I'm in the library at school right now. My initial intention was to find more sources for my History Day project, but then I rememberedwe were going to have 4 more days in the library and overall I just didn't really care enough to summon the energy necessary to start looking.
It's been a real fucked up week and I seriously doubt it's gonna get any easier.
I'm probably going to die over the weekend. Of boredom or of lover seperation anxiety, I can't really say, but in any case... Shoot me. Please.

iklgklamrdkreosjmroesleo593895js9edkjARGSKJGAOIJFAK!!!

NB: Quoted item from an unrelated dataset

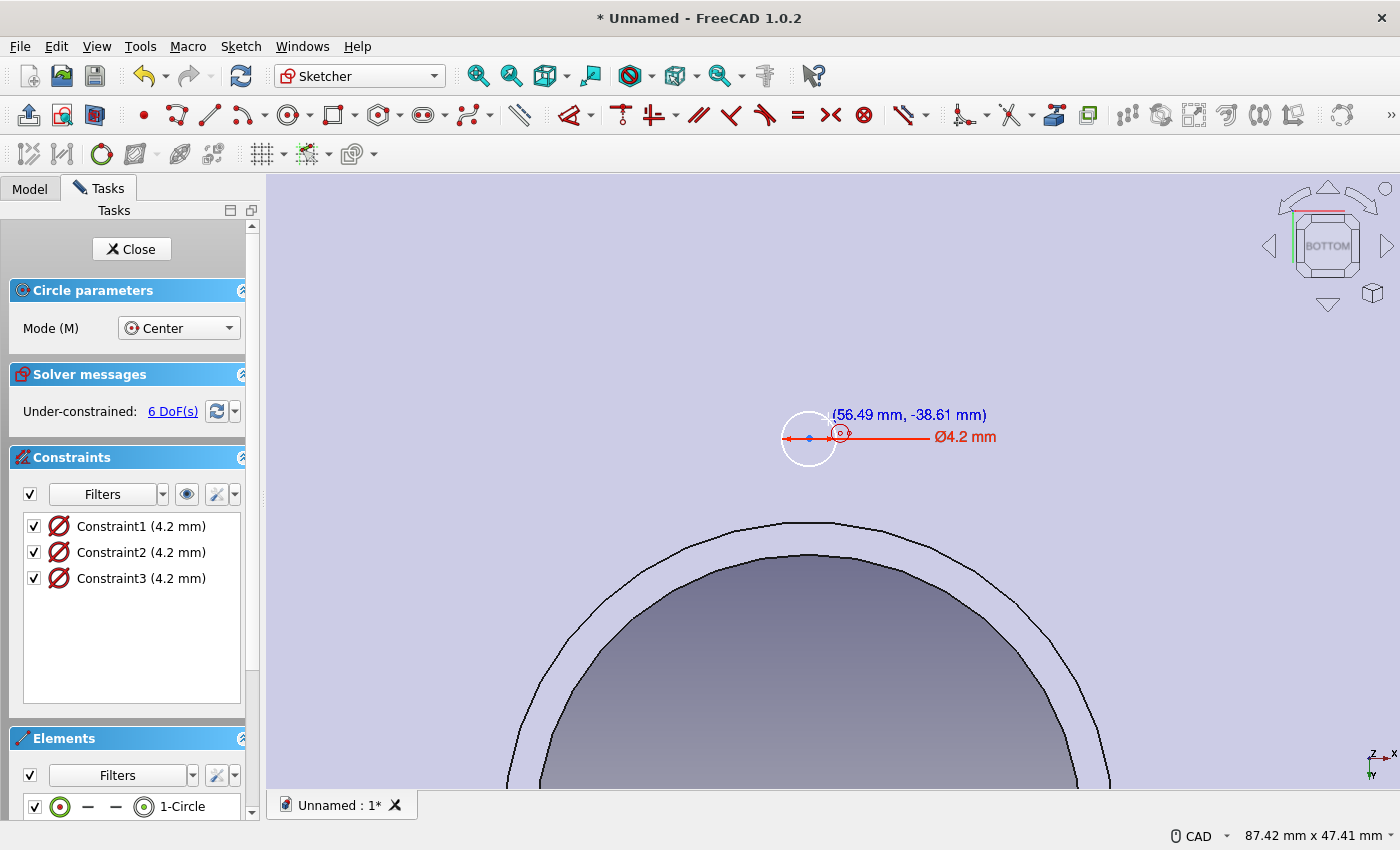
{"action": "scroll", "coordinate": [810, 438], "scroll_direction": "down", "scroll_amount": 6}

Yup. That about sums it up right there.

I can't decide whether it's going to be a really traumatic year or just a deathly boring one. This is the first year I don't have anyone to obsess over.
I can't go back to stalking Dan because I swore to myself under pain of death that I wouldn't.
I can't go back to HIM even if he wanted me to because no matter how much I miss him, I just can't bring myself to put myself through this kind of hell twice.
So what the hell am I supposed to do?
I can't spend the year killing myself over myself. That's just plain boring. I need a new cause. Well, no,"cause" is too noble a word. It's more like a drug. A human drug.
I'm not quite ready for another boyfriend and honest to God, if anyone even asks, I think I might just walk into oncoming traffic.
But I need a distraction. Something besides school, I mean. Something fun. Something to sustain my sanity. Something that doesn't just get me out of bed in the morning,but makes me GLAD to get out of bed in the morning.
Basically, I'm tired of just existing. I want to live. I want to enjoy. I want to grow. I want to thrive. I want to have a purpose.

The ironical thing is, the only reason I'm still typing this is to kill time. XD
Well, that and the fact that I'm bored out of my mind.
School is over is about 9 minutes. I have to stay after to work on a Spanish paper though. Ay, ayudeme, Dio! '-__-

Yo tengo hambre. Mucho hambre.

Well, you guys can talk to me any time over the weekend. Chances are, this is where I'll be spending about 75% of my time now.